Pressing le plus époumonant de l’élite, la marée verte et noire s’amuse à noyer tous ceux qui tentent d’échapper à ses vagues collectives défensives. À défaut d’être télégénique, malgré les exploits individuels de Rabbi Matondo et le coup de patte chirurgical de Dino Hotic, le jeu du Cercle présente une équation difficile à résoudre pour ses adversaires, avec son surnombre systématique autour de la balle. Comme Alexander Blessin un an avant lui, Thalhammer fait souffler le vent de la nouvelle école allemande sur le jeu belge. Plutôt une tempête qu’une légère brise.
Comment Kouamé exploite mieux son registre ?
L’Ivoirien a le corps de ceux qui aiment les malentendus. Une stature de colosse qui donne forcément l’allure d’un combattant, vanté à ses débuts par Vincent Kompany pour sa faculté à faire tourner à son avantage la plupart des duels équilibrés qui s’offrent à lui. Pourtant, Christian Kouamé est avant tout un affamé de profondeur. Un prédateur de cet espace compris entre la défense et le gardien adverse, parfaitement complémentaire avec les décrochages de Joshua Zirkzee.

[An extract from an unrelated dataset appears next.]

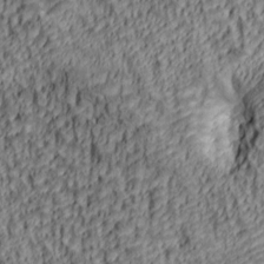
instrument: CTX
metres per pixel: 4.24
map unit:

Face au duo d’attaquants mauves, l’adversaire doit choisir son poison. Si la défense recule, elle offre de l’espace au Néerlandais pour se retourner entre les lignes et faire parler son flair et son toucher. En avançant pour étouffer la zone d’expression favorite du jeune talent du Bayern, elle offre son dos à Kouamé, que les progrès dans l’orientation du corps au moment d’appeler le ballon en profondeur ont encore rendu plus redoutable dans l’exercice. Effrayés par la présence conjointe de Zirkzee, Lior Refaelov et Yari Verschaeren entre les lignes, les adversaires ont tendance à choisir la deuxième option. Et à rendre l’Ivoirien de plus en plus précieux dans l’arsenal offensif mauve.
Pourquoi l’Antwerp n’avance plus ?
Sur les pelouses espagnoles, il existe un adage qui veut que la Copa del Rey, planifiée au début du mois de janvier, soit le baromètre idéal pour jauger les équipes sur lesquelles il faudra compter lors du sprint final. Sur la scène européenne, on dit aussi que les champions naissent en hiver. Du côté du Bosuil, la nouvelle année n’a visiblement pas permis la naissance de nouvelles certitudes, malgré un noyau quasiment inchangé au bout du mercato de janvier.
Mis à part un système de jeu qui lui permet de compiler un maximum d’atouts offensifs sur le terrain, qu’a construit Brian Priske avec son Great Old ? Le début de saison avait permis d’empiler des points, à défaut de certitudes, surtout dans les confrontations directes, mais l’avancée des rencontres a vu la concurrence progresser collectivement pendant que les Anversois semblaient stagner. La rencontre face à Anderlecht était particulièrement symbolique, entre l’évolution de Mauves de plus en plus rôdés à leur football et un Antwerp égal à lui-même, surtout tributaire de ses exploits dans les deux surfaces. Finalement, rien n’a changé au Bosuil, sauf les points dans la balance. Si les championnats se gagnent en hiver, le matricule 1 vient peut-être de perdre une bonne partie du sien.